The record discloses that appellant rented to appellee, for the year 1912, 112 acres of land, and as rent therefor was to receive one-third of the corn and one-fourth of the cotton raised on said premises; and this suit was brought by him to recover said rent, and also to recover the sum of $522.50, alleged to be due for a span of mules sold and furnished by him to appellee, to enable appellee to make a crop on said premises during said year, as well as for $34.45, alleged to be due as balance on rent for the year 1911. Appellant likewise sued out a distress warrant, which was levied upon the crop grown upon said premises; and prayed for judgment for his rents, advances, and for foreclosure of his landlord's lien upon the property so distrained. Appellee replied by general and special exceptions, a general denial, and reconvened for damages for illegally suing out said distress warrant. There was a jury trial, resulting in a verdict in behalf of plaintiff for said sum of $34.45, with interest thereon, and in favor of defendant upon his plea in reconvention in the sum of $750, and judgment was entered in accordance therewith.
Notwithstanding that the record shows that the chief controversy was over appellant's right to recover for the value of the mules alleged to have been sold by him to appellee, and for foreclosure of his landlord's lien thereon, still the verdict and judgment failed to dispose of these issues, as well as failed to pass upon the question as to whether or not there was anything due appellant for rents for said year, for which reason appellant asserts that the judgment is not final. Ordinarily, appeals can only be taken from final judgments. See article 2078, Rev.Civ.St. 1911. And it has been frequently held by the courts of this state that a judgment is not final which fails to dispose of all the issues raised by the pleadings. See Waco Cement Works v. Smith, 162 S.W. 1158, and cases there cited; also, the case of Sapp v. Anderson, 135 S.W. 1068, where previous cases on this subject are cited and reviewed.
Appellee claims, however, that the assignment raising this question is not properly briefed, and hence should not be considered; but he overlooks the fact that the question raised is jurisdictional, and the error assigned is fundamental, for which reason it cannot be waived. Besides this, appellee asserts that, since there was a general verdict in behalf of appellant, the doctrine as to final judgment, above announced, does not apply. There was no general verdict, however, in his behalf, but only a verdict for one claim, to wit, $35.45, upon which the court instructed a verdict in his behalf, ignoring the claim for rent for 1912, as well as that for value of the mules.

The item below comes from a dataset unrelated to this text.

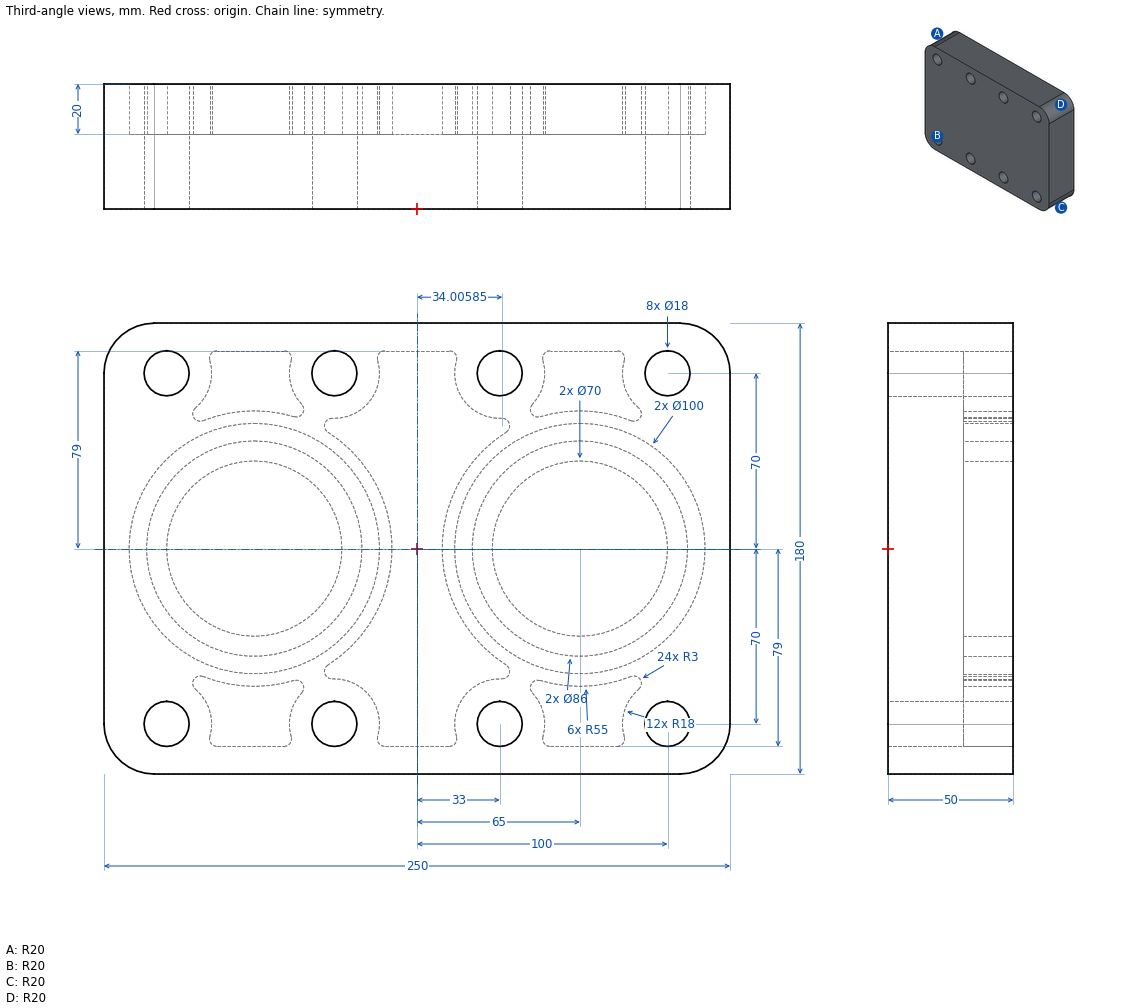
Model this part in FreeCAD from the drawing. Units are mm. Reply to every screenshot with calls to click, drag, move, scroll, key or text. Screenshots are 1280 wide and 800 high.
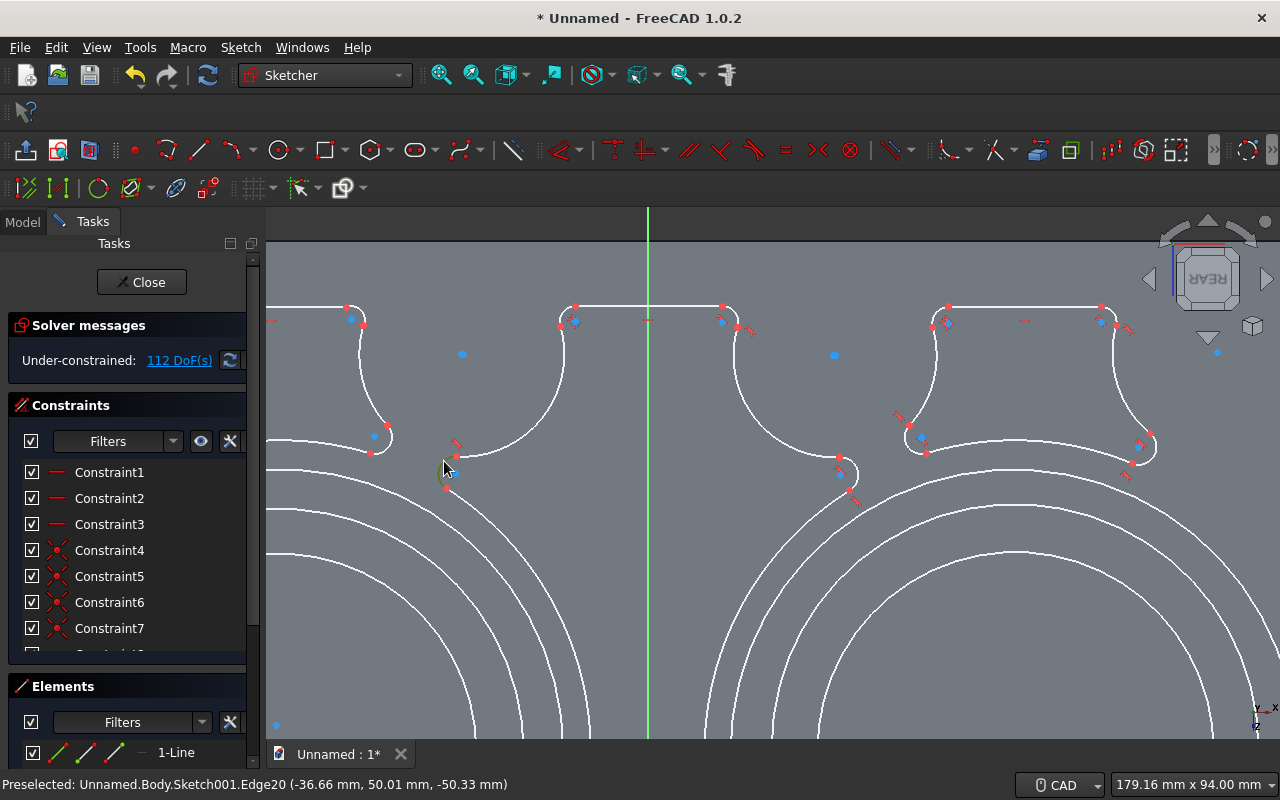
click(566, 630)

See First Natl. Bank of Mason v. Vander Stucken, 37 S.W. 170, where a suit was brought to establish claims against an estate on two notes, executed by decedent. The jury, to whom both claims were submitted on issues made by the pleadings, found for the plaintiff as to the claim based on one of the notes only, and neither the verdict nor judgment mentioned the other. It was held that no appeal would lie from the action of the court on such unadjudicated claim, and the appeal was dismissed; which case, we think, is decisive of the question here involved.
Notwithstanding that we are without authority, in the state of the record, to pass on any of the assignments, still, in view of another trial in the court below, it is proper to say that it is doubtful whether the petition stated a cause of action that would authorize a recovery as to the rents of 1912, or for the mules claimed to have been furnished, in that it did not state or show the amount of rents due, nor state the facts showing the indebtedness of appellee for the mules and negativing payment therefor. Demurrers, though filed, were not urged to this pleading in the trial court, and hence must be regarded as waived; but, as there was no final judgment, it becomes our duty to dismiss the appeal, and it is so ordered.
Appeal dismissed.
It seems that we were mistaken in stating that appellee's demurrers and exceptions were not presented to or passed upon by the court. This was occasioned by our overlooking an amended transcript, which contains a recital to the effect that they were in fact presented to and overruled by the court. We reiterate our intimation as to the insufficiency of the petition, but have no authority to do anything more than to make the suggestion, since the appeal must be dismissed.
The motion for rehearing is overruled.